Bericht: Feuer nicht nur Schuld des Klimas

Die Umweltorganisation Legambiente wird in ihrem aktuellsten Bericht über Brände in Italien deutlicher: Die Feuer seien nicht nur die Schuld des Klimas. Hinter den Bränden sollen auch Pyromanen stecken – und vor allem die Öko-Mafia. Die Feuer halten das Land seit Wochen in Atem. Seit Mitte Juni wurde etwa so viel Fläche verbrannt wie im gesamten vergangenen Jahr. Von Januar bis Mitte Juli sind bereits 52.374 Hektar Fläche verbrannt.

„Es ist Schwachsinn zu denken, dass es sich hier um Selbstentzündung handelt“, sagt auch Sergio Costa, Chef des regionalen Forstschutzkommandos der Carabinieri bei einem Termin im Nationalpark des Vesuvs. Seit Mitte Juli brennen die Wälder entlang des 1280 Meter hohen Vulkans südlich von Neapel. Tagsüber liegt der Berg unter schwarzen Rauchwolken, nachts leuchten die Hänge in glühendem orange. Der Journalist und Autor Roberto Saviano, der 2006 mit dem Buch „Gomorrha“ berühmt geworden ist, geht noch einen Schritt weiter. „Es handelt sich hier nicht um Pyromanie, was ein krankhaftes Verlangen nach Feuer ist, sondern um Kalkül, um kaltes Kalkül“, so Saviano.
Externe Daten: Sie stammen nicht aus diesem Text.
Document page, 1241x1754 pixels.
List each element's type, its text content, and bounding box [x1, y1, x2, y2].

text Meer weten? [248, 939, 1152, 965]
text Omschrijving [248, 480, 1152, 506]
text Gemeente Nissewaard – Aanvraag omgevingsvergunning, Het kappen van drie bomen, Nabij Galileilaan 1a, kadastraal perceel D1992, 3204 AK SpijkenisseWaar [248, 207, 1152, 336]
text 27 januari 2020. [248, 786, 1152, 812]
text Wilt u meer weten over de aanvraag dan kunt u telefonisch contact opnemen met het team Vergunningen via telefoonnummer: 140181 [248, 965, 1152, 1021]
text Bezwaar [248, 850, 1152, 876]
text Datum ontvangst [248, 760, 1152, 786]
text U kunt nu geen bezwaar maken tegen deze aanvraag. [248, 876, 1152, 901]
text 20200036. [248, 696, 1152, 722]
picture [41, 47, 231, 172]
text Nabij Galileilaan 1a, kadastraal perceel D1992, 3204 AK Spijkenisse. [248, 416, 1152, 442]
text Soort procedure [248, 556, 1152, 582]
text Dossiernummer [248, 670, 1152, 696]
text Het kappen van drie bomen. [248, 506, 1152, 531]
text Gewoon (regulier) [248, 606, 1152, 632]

Was die Mafia von den Bränden hat

Doch was hat die Mafia davon, wenn das Land brennt? Am Vesuv soll es darum gehen, illegale Müllhalden zu beseitigen – und gleichzeitig Platz für neue zu schaffen. Für die Camorra, die von Neapel aus agiert, ist die illegale Müllentsorgung neben Rauschgifthandel und Schmuggel eine der Haupteinnahmequellen. Die Müllkrise Anfang der 1990er Jahre in Neapel nutzten die Camorraclans für ihre Zwecke und unterwanderten einige Müllentsorgungsunternehmen. Und schon vor dieser Krise verdienten die Camorristi bereits Millionen mit der illegalen Entsorgung von Giftmüll.
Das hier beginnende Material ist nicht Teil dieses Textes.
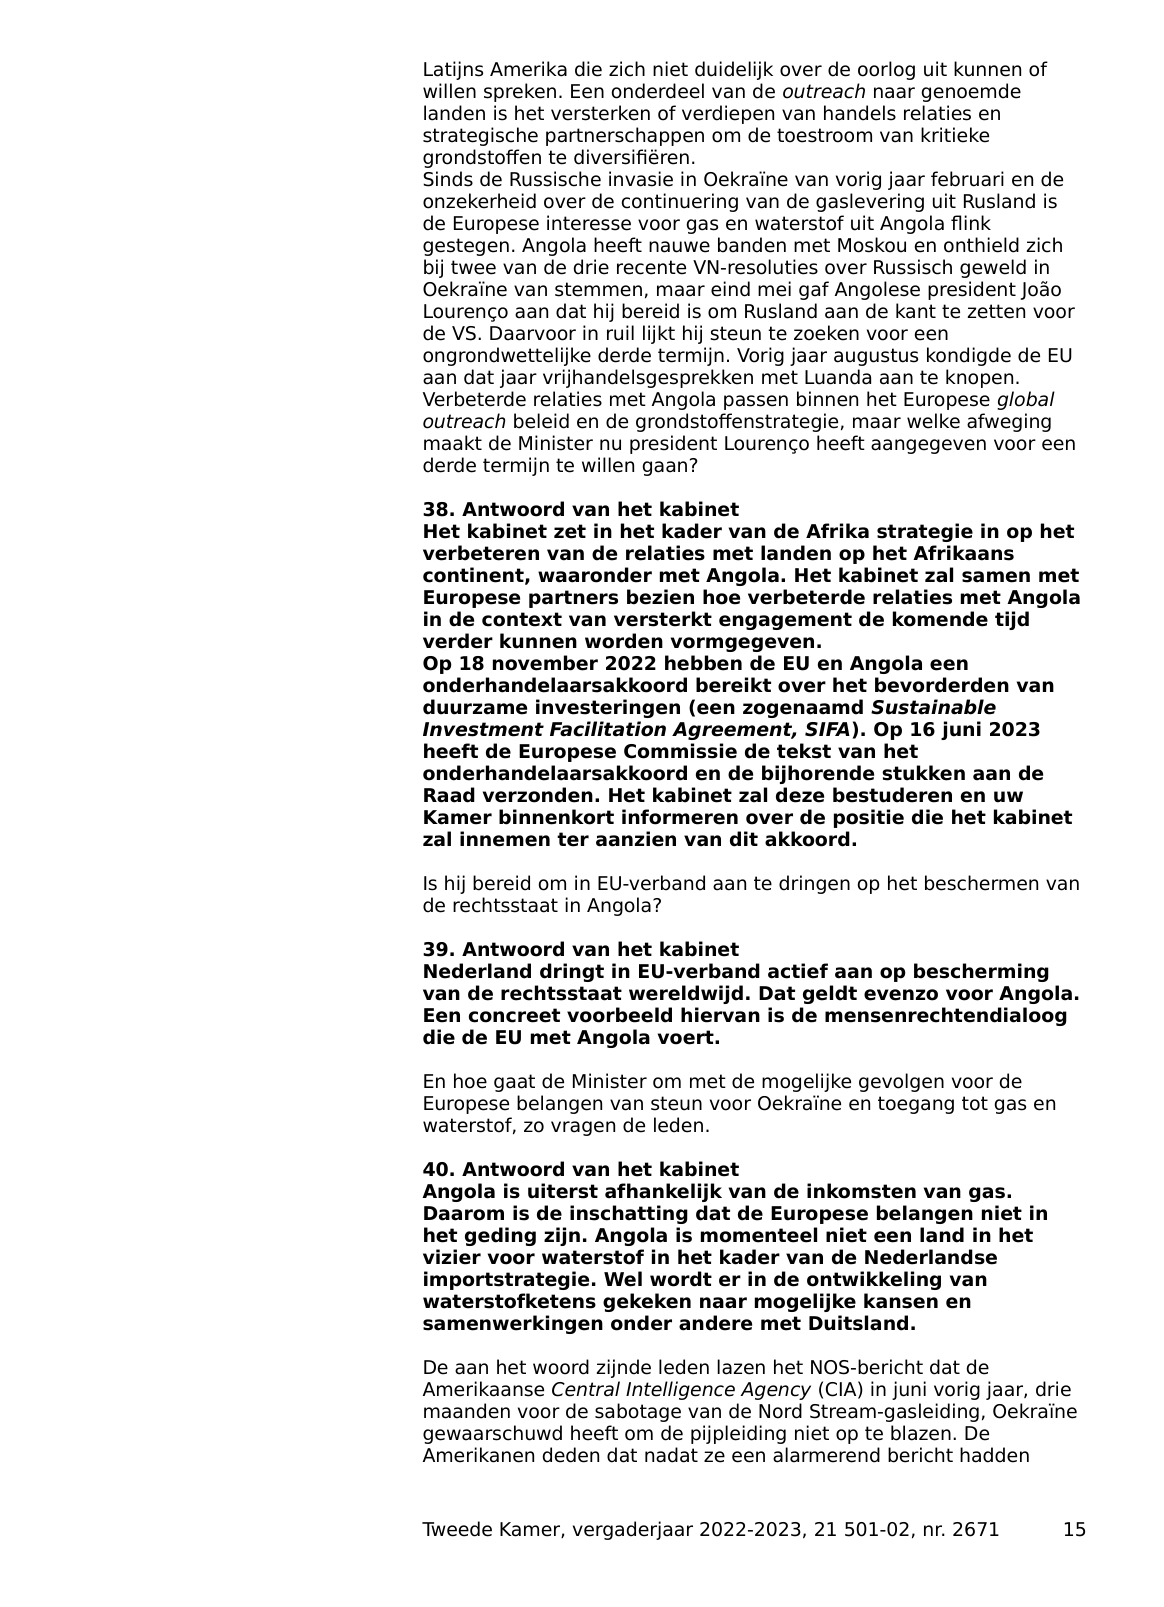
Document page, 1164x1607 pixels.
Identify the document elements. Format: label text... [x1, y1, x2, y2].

text 38. Antwoord van het kabinet [422, 499, 1087, 521]
text Het kabinet zet in het kader van de Afrika strategie in op het verbeteren van de relaties met landen op het Afrikaans continent, waaronder met Angola. Het kabinet zal samen met Europese partners bezien hoe verbeterde relaties met Angola in de context van versterkt engagement de komende tijd verder kunnen worden vormgegeven. [422, 521, 1087, 653]
text Nederland dringt in EU-verband actief aan op bescherming van de rechtsstaat wereldwijd. Dat geldt evenzo voor Angola. Een concreet voorbeeld hiervan is de mensenrechtendialoog die de EU met Angola voert. [422, 961, 1087, 1049]
text Sinds de Russische invasie in Oekraïne van vorig jaar februari en de onzekerheid over de continuering van de gaslevering uit Rusland is de Europese interesse voor gas en waterstof uit Angola flink gestegen. Angola heeft nauwe banden met Moskou en onthield zich bij twee van de drie recente VN-resoluties over Russisch geweld in Oekraïne van stemmen, maar eind mei gaf Angolese president João Lourenço aan dat hij bereid is om Rusland aan de kant te zetten voor de VS. Daarvoor in ruil lijkt hij steun te zoeken voor een ongrondwettelijke derde termijn. Vorig jaar augustus kondigde de EU aan dat jaar vrijhandelsgesprekken met Luanda aan te knopen. Verbeterde relaties met Angola passen binnen het Europese global outreach beleid en de grondstoffenstrategie, maar welke afweging maakt de Minister nu president Lourenço heeft aangegeven voor een derde termijn te willen gaan? [422, 169, 1087, 477]
text Is hij bereid om in EU-verband aan te dringen op het beschermen van de rechtsstaat in Angola? [422, 873, 1087, 917]
text Op 18 november 2022 hebben de EU en Angola een onderhandelaarsakkoord bereikt over het bevorderden van duurzame investeringen (een zogenaamd Sustainable Investment Facilitation Agreement, SIFA). Op 16 juni 2023 heeft de Europese Commissie de tekst van het onderhandelaarsakkoord en de bijhorende stukken aan de Raad verzonden. Het kabinet zal deze bestuderen en uw Kamer binnenkort informeren over de positie die het kabinet zal innemen ter aanzien van dit akkoord. [422, 653, 1087, 851]
text 39. Antwoord van het kabinet [422, 939, 1087, 961]
text Latijns Amerika die zich niet duidelijk over de oorlog uit kunnen of willen spreken. Een onderdeel van de outreach naar genoemde landen is het versterken of verdiepen van handels relaties en strategische partnerschappen om de toestroom van kritieke grondstoffen te diversifiëren. [422, 59, 1087, 169]
text 40. Antwoord van het kabinet [422, 1159, 1087, 1181]
text De aan het woord zijnde leden lazen het NOS-bericht dat de Amerikaanse Central Intelligence Agency (CIA) in juni vorig jaar, drie maanden voor de sabotage van de Nord Stream-gasleiding, Oekraïne gewaarschuwd heeft om de pijpleiding niet op te blazen. De Amerikanen deden dat nadat ze een alarmerend bericht hadden [422, 1357, 1087, 1467]
text Angola is uiterst afhankelijk van de inkomsten van gas. Daarom is de inschatting dat de Europese belangen niet in het geding zijn. Angola is momenteel niet een land in het vizier voor waterstof in het kader van de Nederlandse importstrategie. Wel wordt er in de ontwikkeling van waterstofketens gekeken naar mogelijke kansen en samenwerkingen onder andere met Duitsland. [422, 1181, 1087, 1335]
text En hoe gaat de Minister om met de mogelijke gevolgen voor de Europese belangen van steun voor Oekraïne en toegang tot gas en waterstof, zo vragen de leden. [422, 1071, 1087, 1137]

Andernorts, vor allem im Süden des Landes, gehe es um Immobilienspekulationen, so Saviano. Das Prinzip folgt hier der klassischen Erpressermethode. Laut italienischem Gesetzt ist ein Grundstück, das durch Brandstiftung gerodet wird, für 15 Jahre blockiert, es darf dort also nichts gebaut werden. „Italien brennt, um Baugenehmigungen zu blockieren, was die kriminellen Organisationen dazu nutzen, Unternehmer und die Verwaltung zu erpressen“, so Saviano. Die Botschaft dahinter sei: Bevor entschieden wird, ein Stück Land zu Baugrund zu machen, sollte man sich mit den Clans einig sein. Ansonsten wird alles niedergebrannt. Auch soll die Mafiaihre Hände bei der Wiederaufforstung mit im Spiel haben. Dieser Verdacht wurde bereits bei den schweren Bränden im Jahr 2003 laut.
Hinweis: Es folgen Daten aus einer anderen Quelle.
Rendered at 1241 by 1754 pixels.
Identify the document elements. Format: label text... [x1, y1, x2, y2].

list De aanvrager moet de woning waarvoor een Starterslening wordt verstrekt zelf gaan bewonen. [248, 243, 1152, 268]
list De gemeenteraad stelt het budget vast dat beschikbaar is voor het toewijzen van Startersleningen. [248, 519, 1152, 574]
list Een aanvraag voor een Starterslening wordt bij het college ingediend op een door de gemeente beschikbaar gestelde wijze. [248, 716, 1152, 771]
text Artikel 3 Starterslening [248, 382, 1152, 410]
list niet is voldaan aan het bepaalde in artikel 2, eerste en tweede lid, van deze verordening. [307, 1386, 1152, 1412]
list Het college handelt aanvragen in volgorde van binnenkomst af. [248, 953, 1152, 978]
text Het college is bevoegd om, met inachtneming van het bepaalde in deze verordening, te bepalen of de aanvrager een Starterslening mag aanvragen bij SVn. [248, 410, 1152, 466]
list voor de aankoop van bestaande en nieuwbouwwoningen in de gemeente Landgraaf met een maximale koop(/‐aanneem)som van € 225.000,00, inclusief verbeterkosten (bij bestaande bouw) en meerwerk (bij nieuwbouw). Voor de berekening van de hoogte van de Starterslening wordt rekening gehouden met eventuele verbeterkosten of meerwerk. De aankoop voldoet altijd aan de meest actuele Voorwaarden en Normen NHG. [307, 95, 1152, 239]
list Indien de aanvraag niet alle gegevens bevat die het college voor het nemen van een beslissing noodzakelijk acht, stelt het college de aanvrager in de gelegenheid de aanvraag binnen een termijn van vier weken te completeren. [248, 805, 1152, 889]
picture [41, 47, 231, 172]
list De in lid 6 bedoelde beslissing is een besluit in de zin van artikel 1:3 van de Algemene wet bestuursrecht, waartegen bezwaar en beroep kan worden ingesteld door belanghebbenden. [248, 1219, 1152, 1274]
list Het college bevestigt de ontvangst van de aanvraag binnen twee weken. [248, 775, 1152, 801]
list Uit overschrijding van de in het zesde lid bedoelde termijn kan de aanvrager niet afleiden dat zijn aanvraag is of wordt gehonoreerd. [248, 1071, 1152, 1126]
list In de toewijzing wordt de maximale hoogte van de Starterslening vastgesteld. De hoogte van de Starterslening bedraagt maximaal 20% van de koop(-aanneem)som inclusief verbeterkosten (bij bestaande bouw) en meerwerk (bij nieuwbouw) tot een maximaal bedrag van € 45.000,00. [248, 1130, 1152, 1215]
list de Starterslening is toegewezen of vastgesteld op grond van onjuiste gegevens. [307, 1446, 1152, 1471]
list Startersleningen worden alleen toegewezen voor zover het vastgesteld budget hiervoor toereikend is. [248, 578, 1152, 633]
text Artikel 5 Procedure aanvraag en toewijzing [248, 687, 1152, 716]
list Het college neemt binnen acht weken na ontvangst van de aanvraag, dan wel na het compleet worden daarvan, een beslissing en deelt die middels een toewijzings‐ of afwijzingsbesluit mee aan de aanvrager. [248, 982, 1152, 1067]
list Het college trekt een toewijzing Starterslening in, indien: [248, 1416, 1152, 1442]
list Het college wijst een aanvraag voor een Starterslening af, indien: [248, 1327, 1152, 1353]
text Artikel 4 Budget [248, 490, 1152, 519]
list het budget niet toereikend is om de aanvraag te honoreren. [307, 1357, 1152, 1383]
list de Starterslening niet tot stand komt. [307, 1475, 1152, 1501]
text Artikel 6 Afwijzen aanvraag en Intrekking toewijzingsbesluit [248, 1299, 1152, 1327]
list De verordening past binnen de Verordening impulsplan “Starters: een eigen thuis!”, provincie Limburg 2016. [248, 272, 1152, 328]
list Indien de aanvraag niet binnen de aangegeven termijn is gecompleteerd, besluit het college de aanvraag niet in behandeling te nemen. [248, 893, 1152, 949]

Doch der zündelnden Öko-Mafia steht die Politik ratlos gegenüber. Hinter den Bränden stünden „kriminelle Aktionen“, sagt Italiens Präsident Sergio Mattarella und fügt etwas hilflos hinzu: „Die Verantwortlichen müssen mit aller Strenge bestraft werden.“ Umweltminister Gian Luca Galletti weiß anscheinend nicht mehr, wohin mit seiner Wut. Während eines Interviews brüllt er fast ins Mikrofon: „Brandstifter sind kriminelle Idioten.“ Derweil brennt Italien weiter. Wie jedes Jahr.

Die Geschäfte der Camorra

CamorraDer Mafia-Clan ist vor allem in Neapel und der Region Kampanien präsent, aber auch in zahlreichen europäischen Staaten und den USA aktiv. Ihre schmutzigen Geschäfte reichen von internationalem Drogenhandel über Giftmüllverschiebungen bis hin zur Produktion gefälschter Euro-Scheine. Verfeindete Clans lieferten sich in der Vergangenheit immer wieder blutige Kämpfe. Nach der Verhaftung vieler Bosse rückten junge Anführer nach.

Brandstiftung Theoretisch wird Brandstiftung in Italien mit bis zu 15 Jahren Haft bestraft. Dazu kommt es aber nur selten. Laut dem Bericht der Umweltorganisation Legambiente werden jährlich etwa 600 Brandstifter angezeigt. In den ersten sechs Monaten dieses Jahres wurde bereits 366 Mal Anzeigen erstattet, es gab 18 Festnahmen. Doch in Italien mahlen die Mühlen der Justiz langsam. Derzeit sitzen nur 17 verurteilte Brandstifter ein.